**Problem:** Print exactly the lines from the one containing "Task: Select the" through the last line of the records below, both included, and nothing else; omit any pictures.

+++++

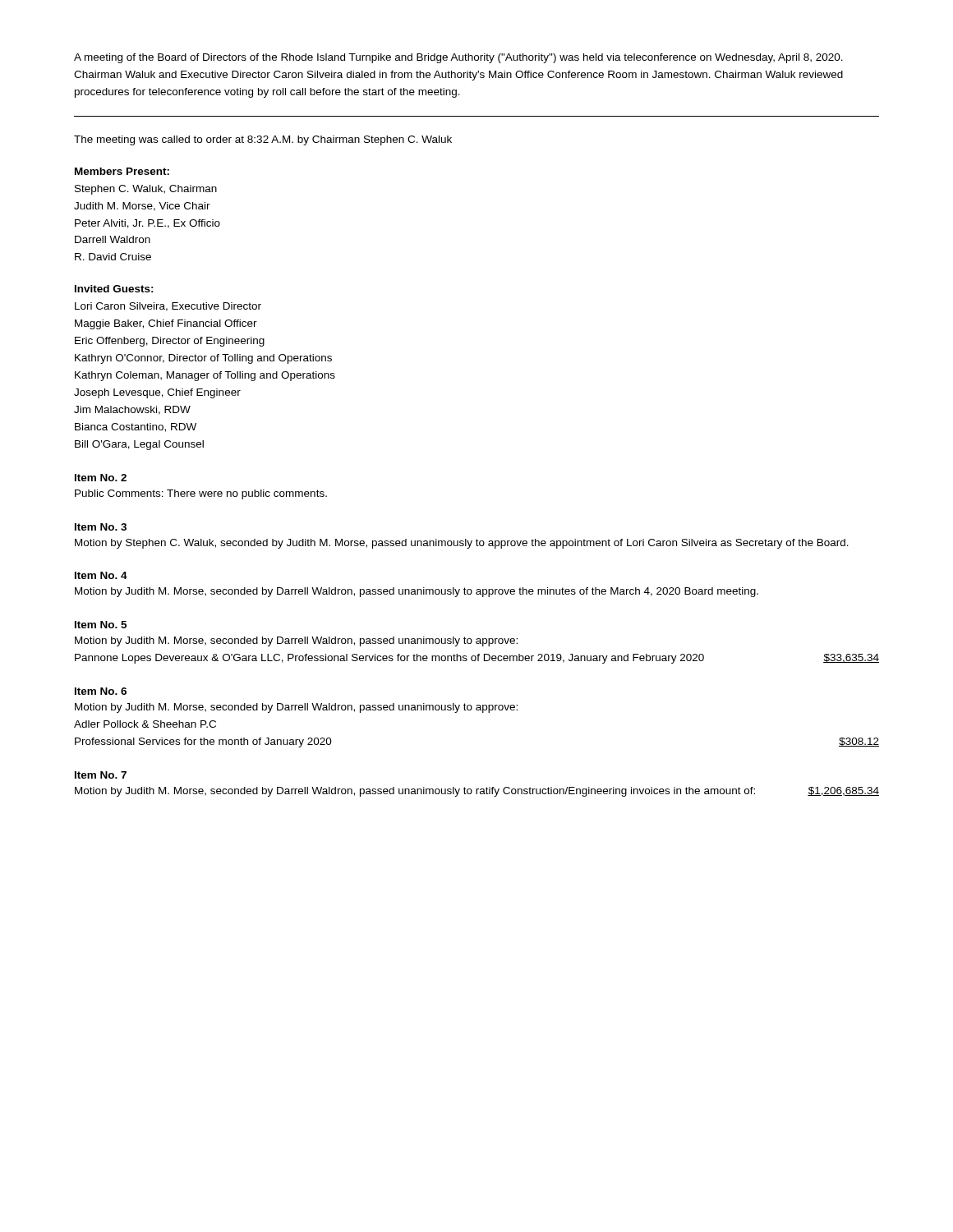
Task: Click where it says "Eric Offenberg, Director of Engineering"
Action: (x=169, y=341)
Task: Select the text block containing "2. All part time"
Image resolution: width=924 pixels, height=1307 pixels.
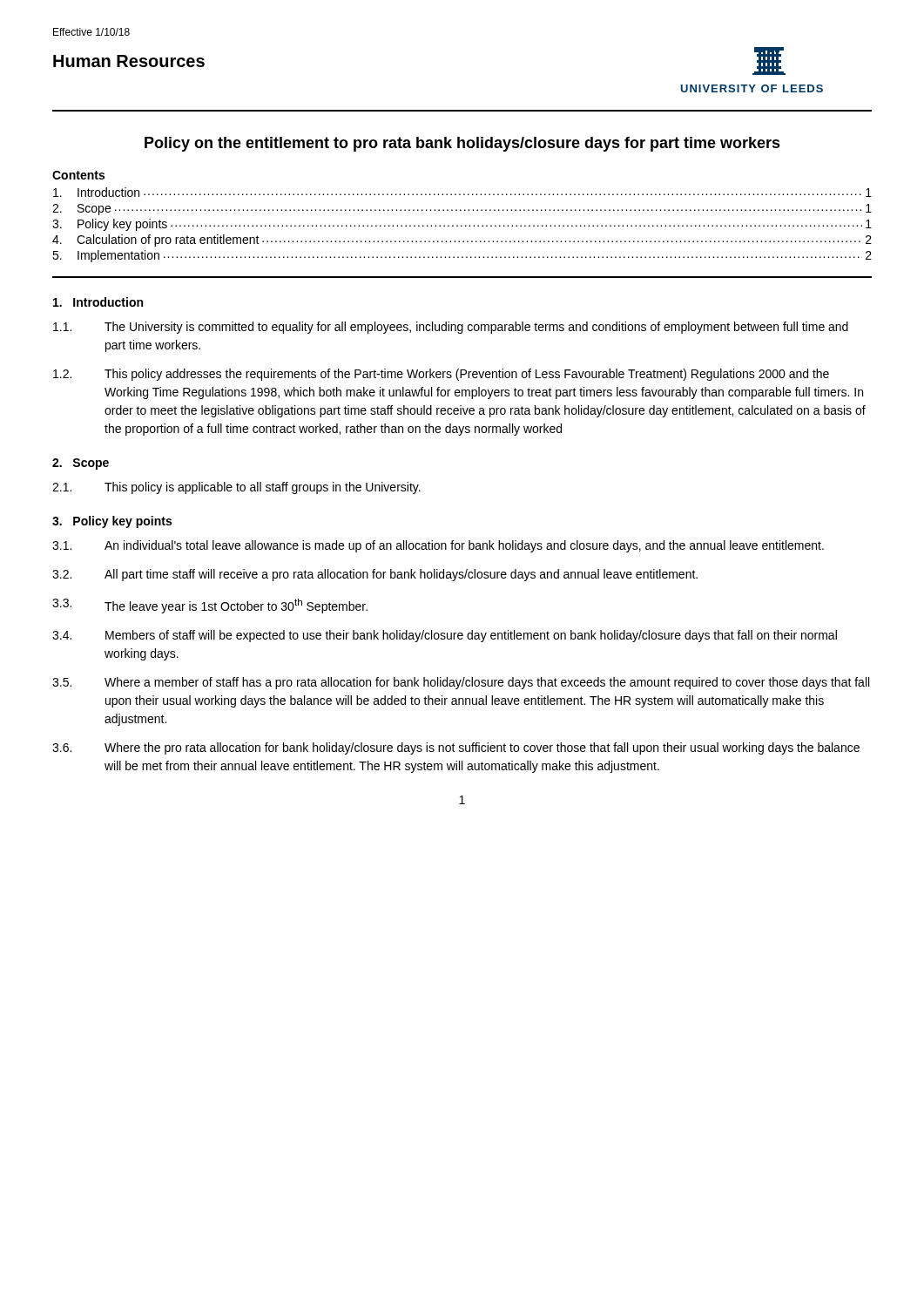Action: [x=375, y=575]
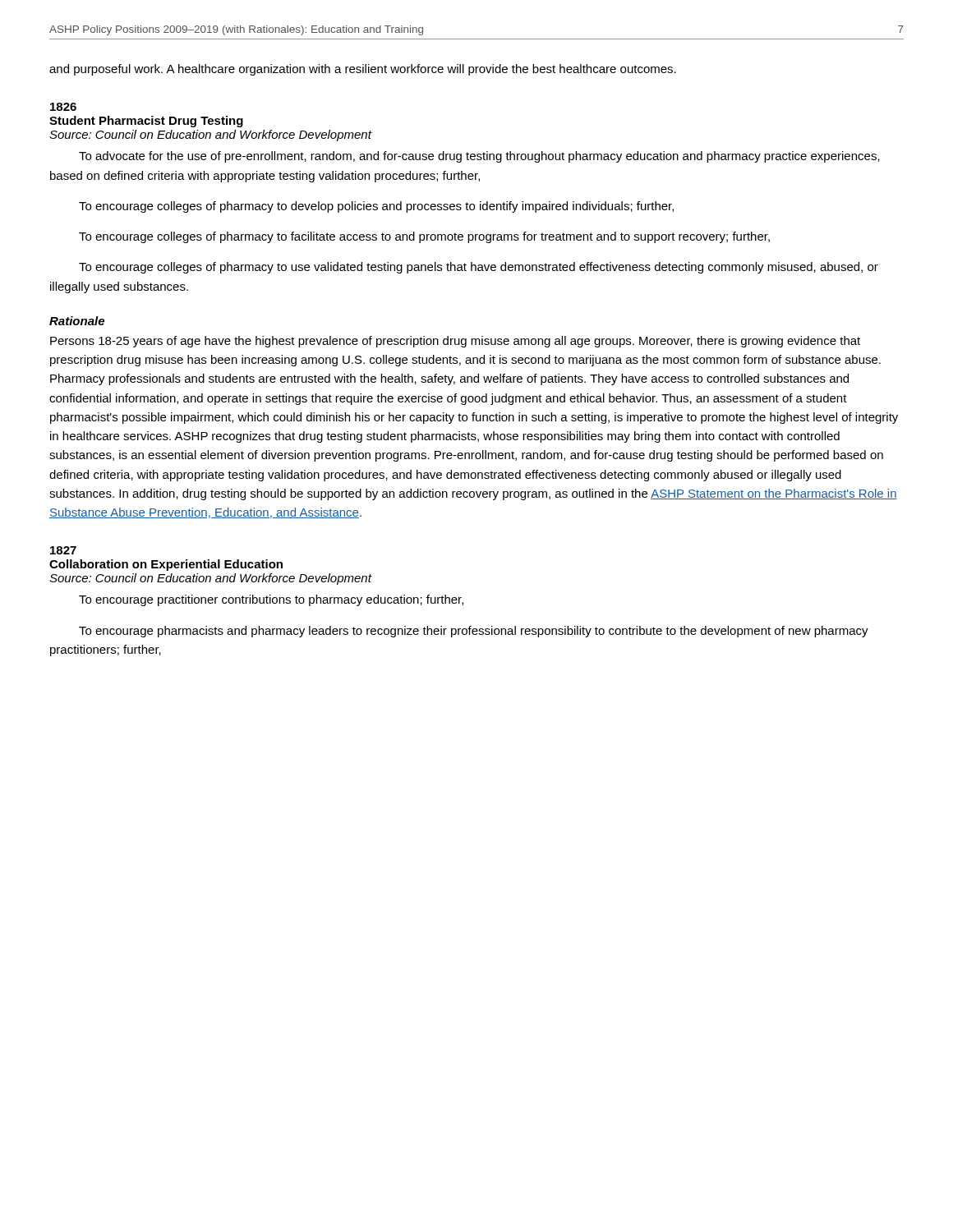Screen dimensions: 1232x953
Task: Click on the text block starting "Persons 18-25 years of age have"
Action: (474, 426)
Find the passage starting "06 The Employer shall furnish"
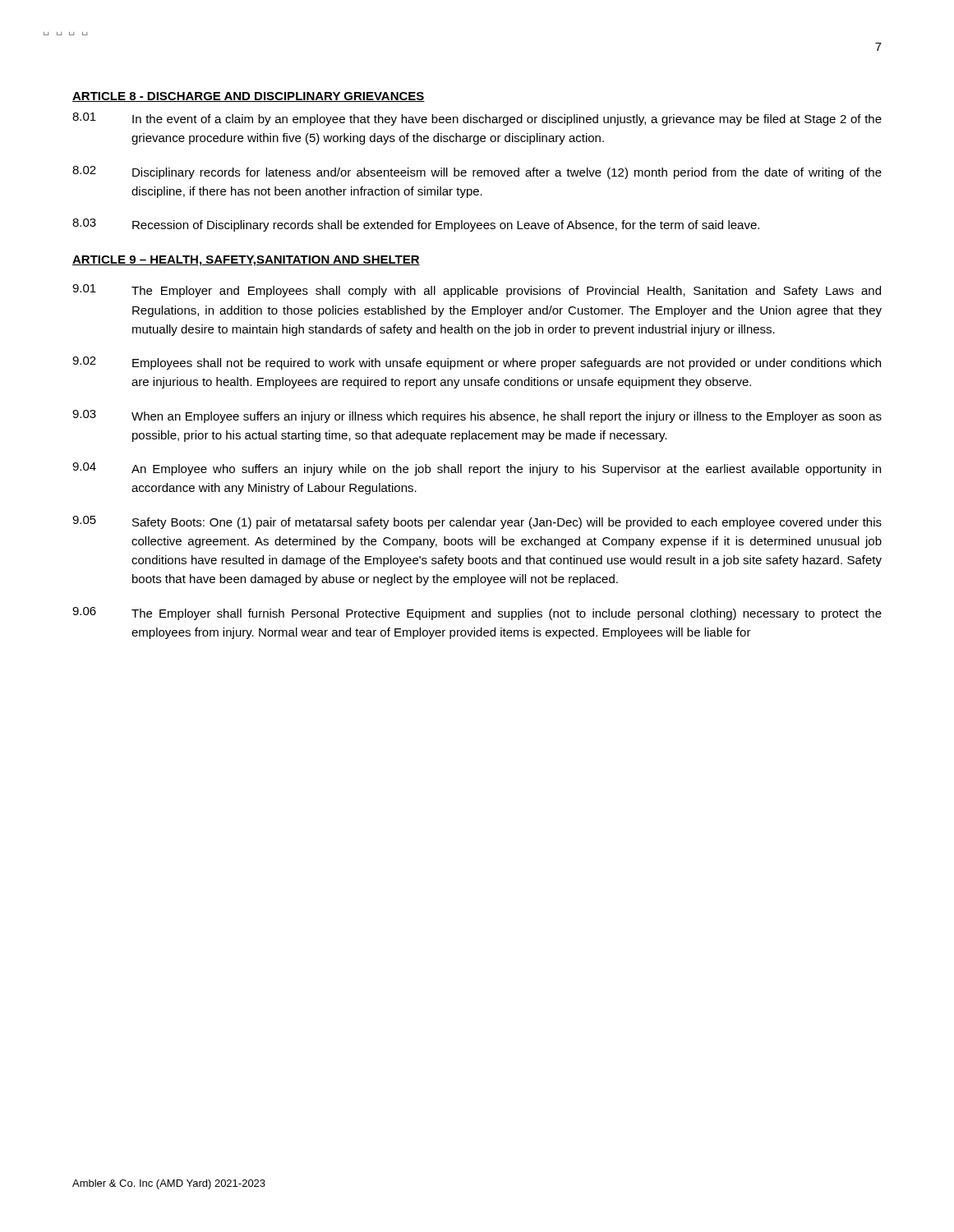Image resolution: width=954 pixels, height=1232 pixels. [x=477, y=622]

+++++

**Result of this exercise:**
Task: Select the text block containing "2. All part time"
Image resolution: width=924 pixels, height=1307 pixels.
Action: [x=375, y=575]
Screen dimensions: 1232x953
Task: Click on the text block starting "Persons 18-25 years of age have"
Action: (474, 426)
Find the passage starting "06 The Employer shall furnish"
Image resolution: width=954 pixels, height=1232 pixels. [x=477, y=622]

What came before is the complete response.